Hemispheres and Spherical Caps
A hemisphere is exactly half of a sphere, sliced through the center. Its volume is simply half the volume of the full sphere: V = (2/3)πr³. You see hemispheres in things like dome buildings and bowl shapes.
A spherical cap is a smaller slice off the top or bottom of a sphere. Think of it like slicing the top off an orange. Its volume depends on both the sphere's radius (R) and the height of the cap (h), and the formula is V = (πh²/3)(3R − h). The cap height must always be less than or equal to the full diameter (2R) of the sphere.
Finding the Radius from Other Measurements
You do not always start with the radius. Sometimes you know the diameter, the circumference, or even the volume, and you need to work backward. The relationships are straightforward:
- Diameter: d = 2r, so r = d / 2
- Circumference: C = 2πr, so r = C / (2π)
- Volume: V = (4/3)πr³, so r = ∛(3V / 4π)

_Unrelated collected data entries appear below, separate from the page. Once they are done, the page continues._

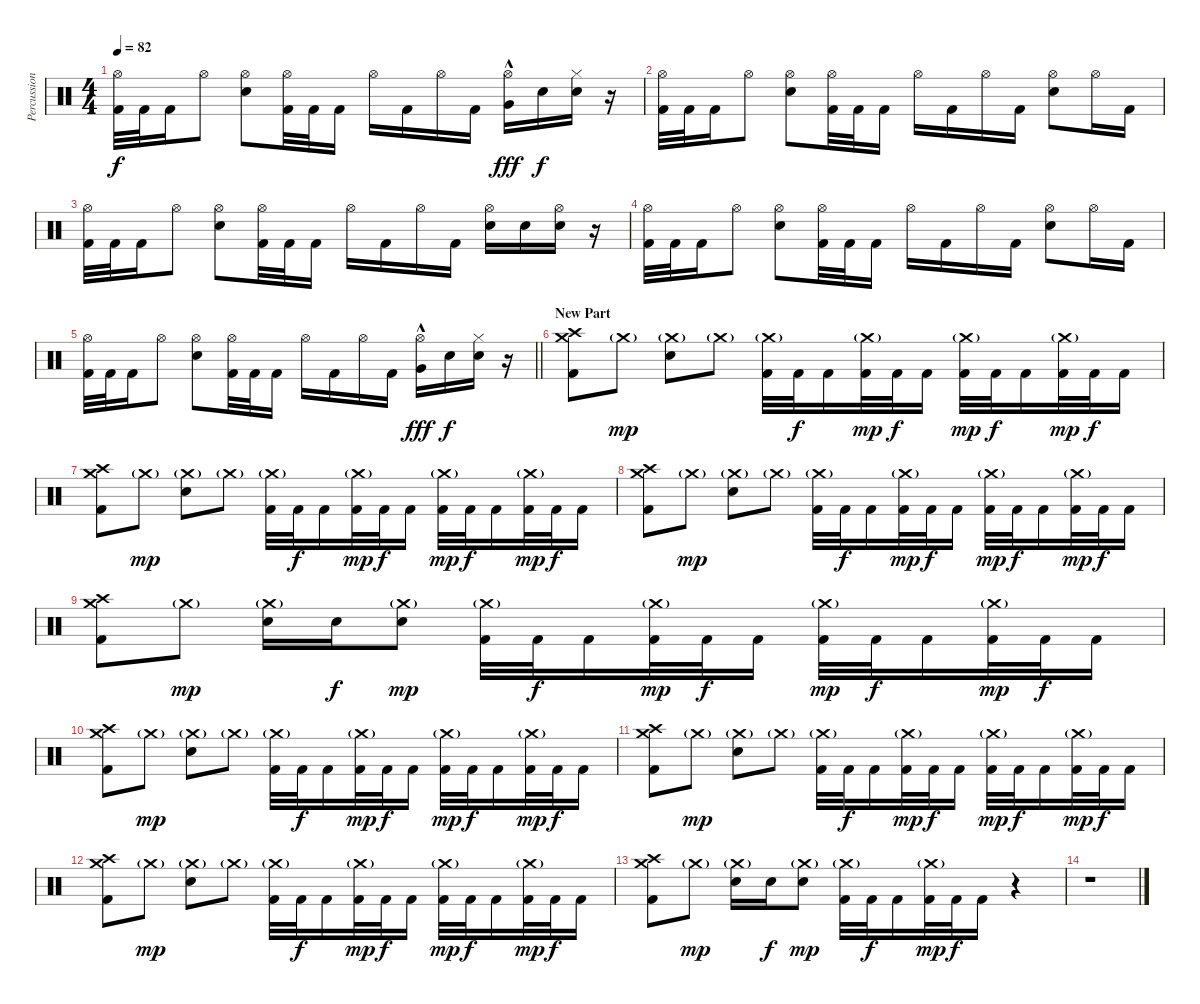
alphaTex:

\track ("Percussion" "Percussion") {instrument percussion}
\staff {score}
\articulation defaults
\ts (4 4)
\tempo 82
\clef neutral
\ks c
("Hi-Hat (open)" "Kick (hit) 2").32{dy f} "Kick (hit) 2".32 "Kick (hit) 2".16 "Hi-Hat (open)".8 ("Hi-Hat (open)" "Electric Snare (hit)").8 ("Hi-Hat (open)" "Kick (hit) 2").32 "Kick (hit) 2".32 "Kick (hit) 2".16 "Hi-Hat (open)".16 "Kick (hit) 2".16 "Hi-Hat (open)".16 "Kick (hit) 2".16 ("Hi-Hat (open)" "Very Low Tom (hit)"{hac}).16{dy fff} "Electric Snare (hit)".16{dy f} ("Hi-Hat (closed)" "Electric Snare (hit)").16 r.16 |
("Hi-Hat (open)" "Kick (hit) 2").32 "Kick (hit) 2".32 "Kick (hit) 2".16 "Hi-Hat (open)".8 ("Hi-Hat (open)" "Electric Snare (hit)").8 ("Hi-Hat (open)" "Kick (hit) 2").32 "Kick (hit) 2".32 "Kick (hit) 2".16 "Hi-Hat (open)".16 "Kick (hit) 2".16 "Hi-Hat (open)".16 "Kick (hit) 2".16 ("Hi-Hat (open)" "Electric Snare (hit)").8 "Hi-Hat (open)".16 "Kick (hit) 2".16 |
("Hi-Hat (open)" "Kick (hit) 2").32 "Kick (hit) 2".32 "Kick (hit) 2".16 "Hi-Hat (open)".8 ("Hi-Hat (open)" "Electric Snare (hit)").8 ("Hi-Hat (open)" "Kick (hit) 2").32 "Kick (hit) 2".32 "Kick (hit) 2".16 "Hi-Hat (open)".16 "Kick (hit) 2".16 "Hi-Hat (open)".16 "Kick (hit) 2".16 ("Hi-Hat (open)" "Electric Snare (hit)").16 "Electric Snare (hit)".16 ("Hi-Hat (open)" "Electric Snare (hit)").16 r.16 |
("Hi-Hat (open)" "Kick (hit) 2").32 "Kick (hit) 2".32 "Kick (hit) 2".16 "Hi-Hat (open)".8 ("Hi-Hat (open)" "Electric Snare (hit)").8 ("Hi-Hat (open)" "Kick (hit) 2").32 "Kick (hit) 2".32 "Kick (hit) 2".16 "Hi-Hat (open)".16 "Kick (hit) 2".16 "Hi-Hat (open)".16 "Kick (hit) 2".16 ("Hi-Hat (open)" "Electric Snare (hit)").8 "Hi-Hat (open)".16 "Kick (hit) 2".16 |
\barLineRight lightlight
("Hi-Hat (open)" "Kick (hit) 2").32 "Kick (hit) 2".32 "Kick (hit) 2".16 "Hi-Hat (open)".8 ("Hi-Hat (open)" "Electric Snare (hit)").8 ("Hi-Hat (open)" "Kick (hit) 2").32 "Kick (hit) 2".32 "Kick (hit) 2".16 "Hi-Hat (open)".16 "Kick (hit) 2".16 "Hi-Hat (open)".16 "Kick (hit) 2".16 ("Hi-Hat (open)" "Very Low Tom (hit)"{hac}).16{dy fff} "Electric Snare (hit)".16{dy f} ("Hi-Hat (closed)" "Electric Snare (hit)").16 r.16 |
\section ("" "New Part")
("Crash high (hit)" "Crash medium (hit)" "Kick (hit) 2").8 "Crash medium (hit)"{g}.8{dy mp} ("Crash medium (hit)"{g} "Electric Snare (hit)").8 "Crash medium (hit)"{g}.8 ("Crash medium (hit)"{g} "Kick (hit) 2").32 "Kick (hit) 2".32{dy f} "Kick (hit) 2".16 ("Crash medium (hit)"{g} "Kick (hit) 2").32{dy mp} "Kick (hit) 2".32{dy f} "Kick (hit) 2".16 ("Crash medium (hit)"{g} "Kick (hit) 2").32{dy mp} "Kick (hit) 2".32{dy f} "Kick (hit) 2".16 ("Crash medium (hit)"{g} "Kick (hit) 2").32{dy mp} "Kick (hit) 2".32{dy f} "Kick (hit) 2".16 |
("Crash high (hit)" "Crash medium (hit)" "Kick (hit) 2").8 "Crash medium (hit)"{g}.8{dy mp} ("Crash medium (hit)"{g} "Electric Snare (hit)").8 "Crash medium (hit)"{g}.8 ("Crash medium (hit)"{g} "Kick (hit) 2").32 "Kick (hit) 2".32{dy f} "Kick (hit) 2".16 ("Crash medium (hit)"{g} "Kick (hit) 2").32{dy mp} "Kick (hit) 2".32{dy f} "Kick (hit) 2".16 ("Crash medium (hit)"{g} "Kick (hit) 2").32{dy mp} "Kick (hit) 2".32{dy f} "Kick (hit) 2".16 ("Crash medium (hit)"{g} "Kick (hit) 2").32{dy mp} "Kick (hit) 2".32{dy f} "Kick (hit) 2".16 |
("Crash high (hit)" "Crash medium (hit)" "Kick (hit) 2").8 "Crash medium (hit)"{g}.8{dy mp} ("Crash medium (hit)"{g} "Electric Snare (hit)").8 "Crash medium (hit)"{g}.8 ("Crash medium (hit)"{g} "Kick (hit) 2").32 "Kick (hit) 2".32{dy f} "Kick (hit) 2".16 ("Crash medium (hit)"{g} "Kick (hit) 2").32{dy mp} "Kick (hit) 2".32{dy f} "Kick (hit) 2".16 ("Crash medium (hit)"{g} "Kick (hit) 2").32{dy mp} "Kick (hit) 2".32{dy f} "Kick (hit) 2".16 ("Crash medium (hit)"{g} "Kick (hit) 2").32{dy mp} "Kick (hit) 2".32{dy f} "Kick (hit) 2".16 |
("Crash high (hit)" "Crash medium (hit)" "Kick (hit) 2").8 "Crash medium (hit)"{g}.8{dy mp} ("Crash medium (hit)"{g} "Electric Snare (hit)").16 "Electric Snare (hit)".16{dy f} ("Crash medium (hit)"{g} "Electric Snare (hit)").8{dy mp} ("Crash medium (hit)"{g} "Kick (hit) 2").32 "Kick (hit) 2".32{dy f} "Kick (hit) 2".16 ("Crash medium (hit)"{g} "Kick (hit) 2").32{dy mp} "Kick (hit) 2".32{dy f} "Kick (hit) 2".16 ("Crash medium (hit)"{g} "Kick (hit) 2").32{dy mp} "Kick (hit) 2".32{dy f} "Kick (hit) 2".16 ("Crash medium (hit)"{g} "Kick (hit) 2").32{dy mp} "Kick (hit) 2".32{dy f} "Kick (hit) 2".16 |
("Crash high (hit)" "Crash medium (hit)" "Kick (hit) 2").8 "Crash medium (hit)"{g}.8{dy mp} ("Crash medium (hit)"{g} "Electric Snare (hit)").8 "Crash medium (hit)"{g}.8 ("Crash medium (hit)"{g} "Kick (hit) 2").32 "Kick (hit) 2".32{dy f} "Kick (hit) 2".16 ("Crash medium (hit)"{g} "Kick (hit) 2").32{dy mp} "Kick (hit) 2".32{dy f} "Kick (hit) 2".16 ("Crash medium (hit)"{g} "Kick (hit) 2").32{dy mp} "Kick (hit) 2".32{dy f} "Kick (hit) 2".16 ("Crash medium (hit)"{g} "Kick (hit) 2").32{dy mp} "Kick (hit) 2".32{dy f} "Kick (hit) 2".16 |
("Crash high (hit)" "Crash medium (hit)" "Kick (hit) 2").8 "Crash medium (hit)"{g}.8{dy mp} ("Crash medium (hit)"{g} "Electric Snare (hit)").8 "Crash medium (hit)"{g}.8 ("Crash medium (hit)"{g} "Kick (hit) 2").32 "Kick (hit) 2".32{dy f} "Kick (hit) 2".16 ("Crash medium (hit)"{g} "Kick (hit) 2").32{dy mp} "Kick (hit) 2".32{dy f} "Kick (hit) 2".16 ("Crash medium (hit)"{g} "Kick (hit) 2").32{dy mp} "Kick (hit) 2".32{dy f} "Kick (hit) 2".16 ("Crash medium (hit)"{g} "Kick (hit) 2").32{dy mp} "Kick (hit) 2".32{dy f} "Kick (hit) 2".16 |
("Crash high (hit)" "Crash medium (hit)" "Kick (hit) 2").8 "Crash medium (hit)"{g}.8{dy mp} ("Crash medium (hit)"{g} "Electric Snare (hit)").8 "Crash medium (hit)"{g}.8 ("Crash medium (hit)"{g} "Kick (hit) 2").32 "Kick (hit) 2".32{dy f} "Kick (hit) 2".16 ("Crash medium (hit)"{g} "Kick (hit) 2").32{dy mp} "Kick (hit) 2".32{dy f} "Kick (hit) 2".16 ("Crash medium (hit)"{g} "Kick (hit) 2").32{dy mp} "Kick (hit) 2".32{dy f} "Kick (hit) 2".16 ("Crash medium (hit)"{g} "Kick (hit) 2").32{dy mp} "Kick (hit) 2".32{dy f} "Kick (hit) 2".16 |
("Crash high (hit)" "Crash medium (hit)" "Kick (hit) 2").8 "Crash medium (hit)"{g}.8{dy mp} ("Crash medium (hit)"{g} "Electric Snare (hit)").16 "Electric Snare (hit)".16{dy f} ("Crash medium (hit)"{g} "Electric Snare (hit)").8{dy mp} ("Crash medium (hit)"{g} "Kick (hit) 2").32 "Kick (hit) 2".32{dy f} "Kick (hit) 2".16 ("Crash medium (hit)"{g} "Kick (hit) 2").32{dy mp} "Kick (hit) 2".32{dy f} "Kick (hit) 2".16 r.4 |
r.1

This calculator handles all of these conversions automatically. Just enter any one known value and it fills in the rest. For related geometry work, you might also find our Circle Area Calculator helpful since the circle is the 2D cross-section of a sphere.
Surface Area
While volume measures the space inside a sphere, surface area measures the total area covering its outside. The formula is A = 4πr². For a hemisphere, the curved surface area is 2πr², but the total surface area is 3πr² because it includes the flat circular base. Knowing the surface area is useful when you need to paint, wrap, or coat a spherical object. If you're working with flat surface measurements for a project, our Square Footage Calculator can help with those conversions.
Everyday Uses
Sphere volume calculations come up more often than you might think. Engineers use them to design tanks and pressure vessels — our Concrete Calculator can help when those projects involve pouring materials. Scientists calculate the volume of planets, bubbles, and cells; for astronomical scales, the Schwarzschild Radius Calculator even uses sphere geometry to describe black holes. Cooks and bakers use them to figure out how much batter fills a round mold. Even sports equipment — from golf balls to soccer balls — relies on sphere geometry for design and manufacturing. If your sphere calculations involve triangles or other shapes as part of a larger project, check out our Right Triangle Calculator and Triangle Area Calculator. You may also want to verify your results with our Percentage Calculator or review precision using the Sig Fig Calculator. Understanding how to find the volume of a sphere, hemisphere, or spherical cap gives you a practical tool for solving real-world problems across many fields.